*** Opening of Record extracts ***

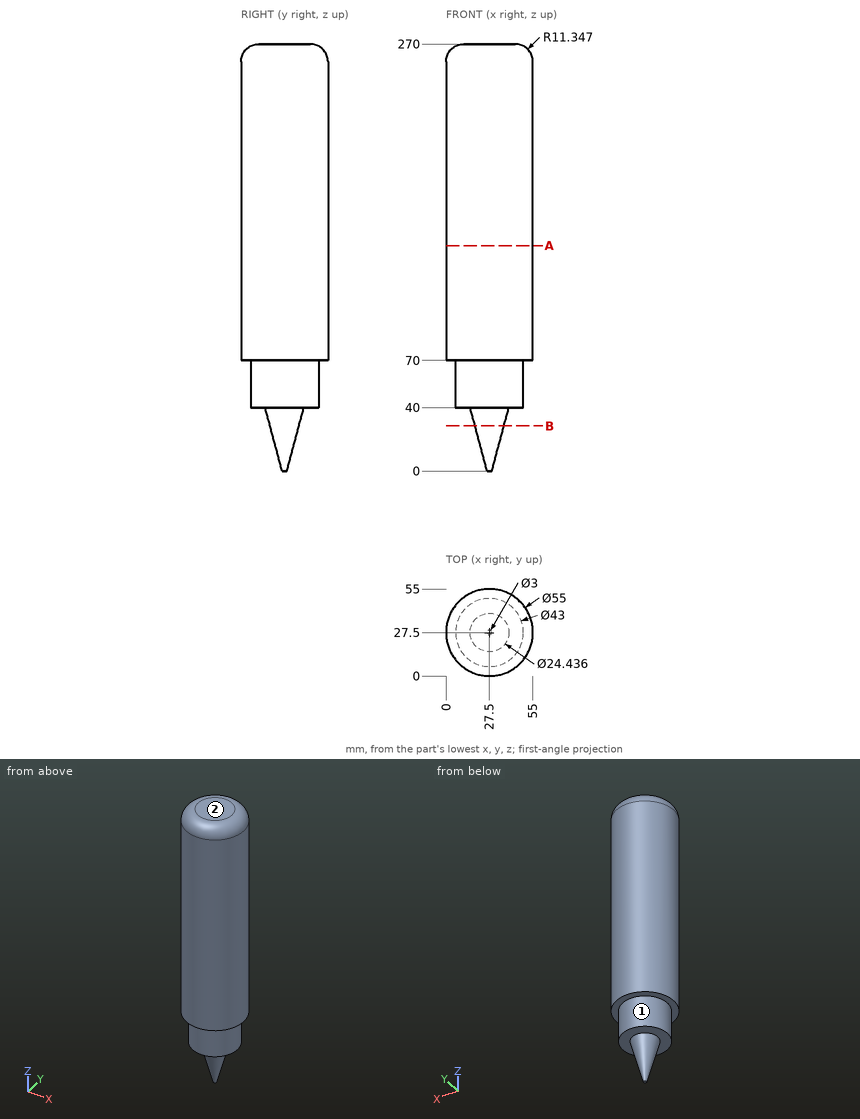
Study the drawing (mm; zero at the part's minimum x, y, z) and answer. A direction names the side the tool comes from. Round coordinates to 2 decimals unless told otherwise and drop trailing zeros. Write each loop counter-clockwise with the first axis right and the second up, starting at its lowest first coordinate (ties: lowest second). Pieces come first, ordered by that corner, then holes. Notation, with made-up numbers: (39.25, -4.75) - (95.25, -4.75) arc R7 ccw to (95.25, 8.25) - close; hole circle Ø8 at (-26, 36). An arc over 180 degrees is marked (long way). Use a Markdown table: item, result. Add a question column.
1. Consider line 1 (Z direction, x = 15, y = 23.5); line 2 (Y direction, x = 26.5, z = 170); line 3 (Z direction, x = 5.5, y = 28) (1 decimal). Determine where each line is inside the solid, lowest interval first.
2. Flat-ended cylindrical pins translate along their axes: P1, Ø1.5, axis at y = 11.5, z = 90, coming from the +X side; P2, Ø2, axis at x = 41, z = 58.5, coming from the +Y side; P3, Ø6, axis at x = 29, z = 214, coming from the -Y side. Find the tip coordinate at first contact, or state that the pin passes through.
3. A tool of negligible diameter and unlimited length cuts with its end or side. For the marked faces 1 and 2, from which of +Z, -Z, +X, -X, +Y, -Y can it reach the whole face along a straight path? Write none if from no direction.
4. The part is cut by section B-B (z = 28.5). Write down the section's boundary in (x, y), and give its area (3 significant figures).
5. The part is cut by section A-A (z = 142.5). Write down the section's boundary in (x, y), and give its area (3 significant figures).
Reported:
| question | item | result |
|---|---|---|
| 1 | line 1 | 40 to 270 |
| 1 | line 2 | 0.02 to 54.98 |
| 1 | line 3 | 70 to 268.4 |
| 2 | P1 | x = 50.38 |
| 2 | P2 | y = 44.99 |
| 2 | P3 | y = 0 |
| 3 | face 1 | -Z |
| 3 | face 2 | +Z, +X, -X, +Y, -Y |
| 4 | outline | circle Ø18.27 at (27.5, 27.5) |
| 4 | area | 262 mm^2 |
| 5 | outline | circle Ø55 at (27.5, 27.5) |
| 5 | area | 2,380 mm^2 |
from build123d import *

# Parameters (mm, degrees)
SKETCH_1_W          = 67.3
SKETCH_1_H          = 34
EXTRUDE_1_DEPTH     = 4
SKETCH_2_W          = 21.15
SKETCH_2_H          = 4
EXTRUDE_2_DEPTH     = 42.3
SKETCH_3_W          = 42.3
SKETCH_3_H          = 4
EXTRUDE_3_DEPTH     = 4
FILLET_1_R          = 2
FILLET_2_R          = 2
SKETCH_4_R          = 1.3
SKETCH_4_R_2        = 11.5
CUT_EXTRUDE_1_DEPTH = 4
SKETCH_5_R          = 2.5
CUT_EXTRUDE_2_DEPTH = 4


with BuildPart() as part:
    # Sketch 1 → Extrude 1 (new body)
    with BuildSketch(Plane.XY):
        Rectangle(SKETCH_1_W, SKETCH_1_H)
    extrude(amount=EXTRUDE_1_DEPTH)



with BuildPart() as body_2:
    # Sketch 2 → Extrude 2 (new body)
    with BuildSketch(Plane.XY.offset(4)):
        with Locations((-10.575, 19)):
            Rectangle(SKETCH_2_W, SKETCH_2_H)
        with Locations((10.575, 19)):
            Rectangle(SKETCH_2_W, SKETCH_2_H)
    extrude(amount=EXTRUDE_2_DEPTH)


with BuildPart() as part_1:
    add(part.part)

    add(body_2.part)  # Extrude 3 merges body 2
    # Sketch 3 → Extrude 3 (add)
    with BuildSketch(Plane(origin=(0, 0, 4), x_dir=(-1, 0, 0), z_dir=(0, 0, -1))):
        with Locations((0, 19)):
            Rectangle(SKETCH_3_W, SKETCH_3_H)
    extrude(amount=EXTRUDE_3_DEPTH)

    # Fillet 1
    fillet_1_edges = [part_1.edges().sort_by_distance(p)[0] for p in [
        (0, 17, 4),
    ]]
    fillet(fillet_1_edges, radius=FILLET_1_R)

    # Fillet 2
    fillet_2_edges = [part_1.edges().sort_by_distance(p)[0] for p in [
        (-21.15, 17, 2),
        (21.15, 17, 2),
    ]]
    fillet(fillet_2_edges, radius=FILLET_2_R)

    # Sketch 4 → Cut-Extrude 1 (cut)
    with BuildSketch(Plane.XZ.offset(-17)):
        with Locations((-15.5, 40.65)):
            Circle(SKETCH_4_R)
        with Locations((15.5, 40.65)):
            Circle(SKETCH_4_R)
        with Locations((-15.5, 9.65)):
            Circle(SKETCH_4_R)
        with Locations((15.5, 9.65)):
            Circle(SKETCH_4_R)
        with Locations((0, 25.15)):
            Circle(SKETCH_4_R_2)
    extrude(amount=-CUT_EXTRUDE_1_DEPTH, mode=Mode.SUBTRACT)

    # Sketch 5 → Cut-Extrude 2 (cut)
    with BuildSketch(Plane.XY.offset(4)):
        with Locations((-25.65, 8)):
            Circle(SKETCH_5_R)
        with Locations(Location((-25.65, -8, 0), (0, 0, 180))):
            Circle(SKETCH_5_R)
        with Locations(Location((25.65, 8, 0), (0, 0, 180))):
            Circle(SKETCH_5_R)
        with Locations((25.65, -8)):
            Circle(SKETCH_5_R)
    extrude(amount=-CUT_EXTRUDE_2_DEPTH, mode=Mode.SUBTRACT)


solid = part_1.part
Geometry: final body of the model. Coordinates: model frame, mm. A direction names the side the tool comes from. Round coordinates to 2 decimals unless told otherwise and drop trailing zeros. Order: outer loops, then holes, each group sorted by start corner. A loop starts at its lowest first (then second) coordinate and runs counter-clockwise, first axis right, second up.
Q1. Section A-A, the plane x = -15.5. Output: boundary loops of the cut face in (y, z).
Result sheet:
outline: (-17, 0) - (21, 0) - (21, 8.35) - (17, 8.35) - (17, 6) arc R2 cw to (15, 4) - (-17, 4) - close; (17, 10.95) - (21, 10.95) - (21, 39.35) - (17, 39.35) - close; (17, 41.95) - (21, 41.95) - (21, 46.3) - (17, 46.3) - close
Q2. Section B-B, the plane y = -8. Output: boundary loops of the cut face in (x, z).
Result sheet:
outline: (-33.65, 0) - (-28.15, 0) - (-28.15, 4) - (-33.65, 4) - close; (-23.15, 0) - (23.15, 0) - (23.15, 4) - (-23.15, 4) - close; (28.15, 0) - (33.65, 0) - (33.65, 4) - (28.15, 4) - close
Q3. Material intervals for probe 1 along Z at (x, y) = (15.5, 19.15); probe 2 along Z at (x, y) = (15, 18); probe 3 along Z at (x, y) = (31.5, -6.5), sorted ascending.
Result sheet:
probe 1: z = 0 to 8.35, 10.95 to 39.35, 41.95 to 46.3
probe 2: z = 0 to 8.45, 10.85 to 39.45, 41.85 to 46.3
probe 3: z = 0 to 4
Q4. Pin query (flat end, axial travel): pin 1 (6.5 mm diameter, centred on y = 18, z = 25, fed in from +X); pin 2 (2 mm diameter, centred on x = 29.5, z = 3, fed in from +Y); pin 3 (4 mm diameter, centred on x = -13, z = 29, fed in from -Y). Return the tip coordinate at first contact, or that it passes through.
Result sheet:
pin 1: stops at x = 21.15
pin 2: stops at y = 17
pin 3: stops at y = 17
Q5. Mould query, pull axis X, two halves, no side actions, for faces 6 (the face through (21.72, 17.6, 1.97)), 7 (the face through (0.3, 16.43, 4.6)), 8 (the face through (24.5, 10.22, 2.03)), 9 (the face through (-33.65, 0, 2)). Classes: released by +X, released by -X, zero draft, split by the parting line, or undercut.
Result sheet:
face 6: released by +X
face 7: zero draft
face 8: undercut
face 9: released by -X
Q6. Section C-C, the plane z = 25.15. Output: boundary loops of the cut face in (x, y).
Result sheet:
outline: (-21.15, 17) - (-11.5, 17) - (-11.5, 21) - (-21.15, 21) - close; (11.5, 17) - (21.15, 17) - (21.15, 21) - (11.5, 21) - close
Q7. Section D-D, the plane x = 0. Output: boundary loops of the cut face in (y, z), and give its area (3 significant figures).
Result sheet:
outline: (-17, 0) - (21, 0) - (21, 13.65) - (17, 13.65) - (17, 6) arc R2 cw to (15, 4) - (-17, 4) - close; (17, 36.65) - (21, 36.65) - (21, 46.3) - (17, 46.3) - close
area: 230 mm2
Q8. Access query for faces 1 (the face through (0, -17, 2)), 2 (the face through (-10, 17, 35)), 3 (the face through (-28, 17, 2)), 4 (the face through (-26.8, -5.78, 2.03)), 5 (the face through (28, 17, 2)). Directions: +Z, -Z, +X, -X, +Y, -Y. A direction counts if a zero-diameter tool reaches every point of the face in a straight line with its end or side. Return the directions, or none.
Result sheet:
face 1: +Z, -Z, +X, -X, -Y
face 2: +Z, +X, -X, -Y
face 3: +Z, -Z, -X, +Y
face 4: +Z, -Z
face 5: +Z, -Z, +X, +Y

*** Close of Record extracts ***

Give again, word for word, every line of the listing above from the one with "x = 50.38 |" to the one with "from build123d import *", both inclusive, and nothing beyond them.

Answer for the task
| 2 | P1 | x = 50.38 |
| 2 | P2 | y = 44.99 |
| 2 | P3 | y = 0 |
| 3 | face 1 | -Z |
| 3 | face 2 | +Z, +X, -X, +Y, -Y |
| 4 | outline | circle Ø18.27 at (27.5, 27.5) |
| 4 | area | 262 mm^2 |
| 5 | outline | circle Ø55 at (27.5, 27.5) |
| 5 | area | 2,380 mm^2 |
from build123d import *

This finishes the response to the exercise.